**INFORMATION GIVEN**.
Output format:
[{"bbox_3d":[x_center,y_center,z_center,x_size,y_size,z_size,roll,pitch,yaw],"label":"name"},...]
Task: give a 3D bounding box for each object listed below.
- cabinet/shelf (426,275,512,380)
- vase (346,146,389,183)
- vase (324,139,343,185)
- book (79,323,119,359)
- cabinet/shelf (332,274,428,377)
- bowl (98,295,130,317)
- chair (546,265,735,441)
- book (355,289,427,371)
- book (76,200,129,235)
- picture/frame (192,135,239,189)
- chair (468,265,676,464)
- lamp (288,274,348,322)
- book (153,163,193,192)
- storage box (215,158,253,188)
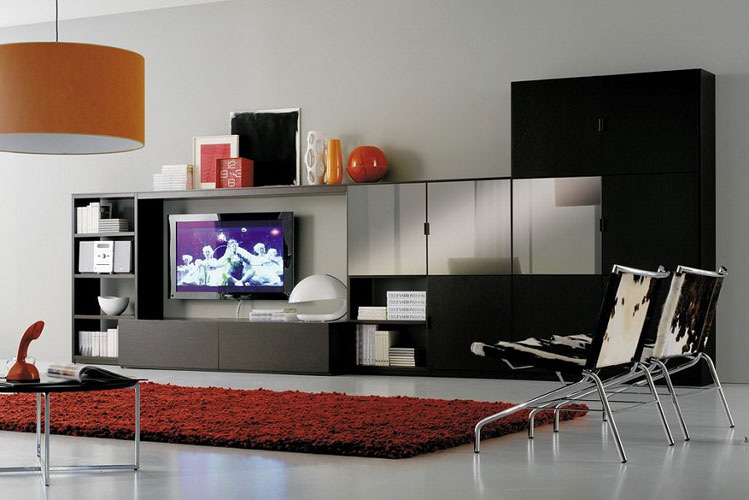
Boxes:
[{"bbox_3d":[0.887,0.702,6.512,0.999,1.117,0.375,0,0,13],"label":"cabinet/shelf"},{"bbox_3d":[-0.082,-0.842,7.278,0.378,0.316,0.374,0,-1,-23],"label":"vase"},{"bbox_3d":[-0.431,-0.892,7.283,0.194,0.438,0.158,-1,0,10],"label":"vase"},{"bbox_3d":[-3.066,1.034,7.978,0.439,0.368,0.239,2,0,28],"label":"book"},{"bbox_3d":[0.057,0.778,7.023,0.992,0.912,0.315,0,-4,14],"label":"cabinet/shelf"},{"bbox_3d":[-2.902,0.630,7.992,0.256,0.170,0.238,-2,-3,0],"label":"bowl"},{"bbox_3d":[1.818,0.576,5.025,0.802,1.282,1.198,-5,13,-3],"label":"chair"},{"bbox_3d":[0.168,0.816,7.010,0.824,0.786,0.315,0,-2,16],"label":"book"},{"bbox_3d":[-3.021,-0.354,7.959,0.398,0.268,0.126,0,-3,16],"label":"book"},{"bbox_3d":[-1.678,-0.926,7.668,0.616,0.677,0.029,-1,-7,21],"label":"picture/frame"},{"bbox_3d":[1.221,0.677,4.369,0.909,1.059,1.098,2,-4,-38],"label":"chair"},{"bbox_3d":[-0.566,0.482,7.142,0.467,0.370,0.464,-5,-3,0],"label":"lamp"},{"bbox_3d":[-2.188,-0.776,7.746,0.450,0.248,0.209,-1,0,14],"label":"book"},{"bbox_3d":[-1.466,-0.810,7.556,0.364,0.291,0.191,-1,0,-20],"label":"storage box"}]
...
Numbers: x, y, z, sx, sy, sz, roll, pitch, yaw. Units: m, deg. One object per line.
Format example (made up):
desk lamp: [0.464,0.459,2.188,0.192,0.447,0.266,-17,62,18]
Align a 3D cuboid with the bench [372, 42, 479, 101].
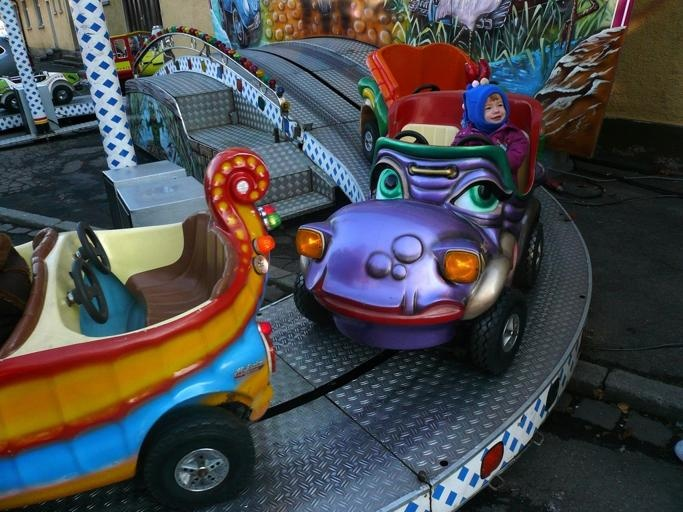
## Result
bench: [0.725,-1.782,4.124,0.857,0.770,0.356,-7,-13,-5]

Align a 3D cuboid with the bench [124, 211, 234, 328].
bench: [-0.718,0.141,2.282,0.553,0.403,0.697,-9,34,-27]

**ASSIGNED TASK**.
Scan the lines above, and whenever one holds the string "pitch", copy it.

**RESULT FOR THIS EXERCISE**.
[{"bbox_3d":[x_center,y_center,z_center,x_size,y_size,z_size,roll,pitch,yaw],"label":"name"},...]
Numbers: x, y, z, sx, sy, sz, roll, pitch, yaw. Units: m, deg. One object per line.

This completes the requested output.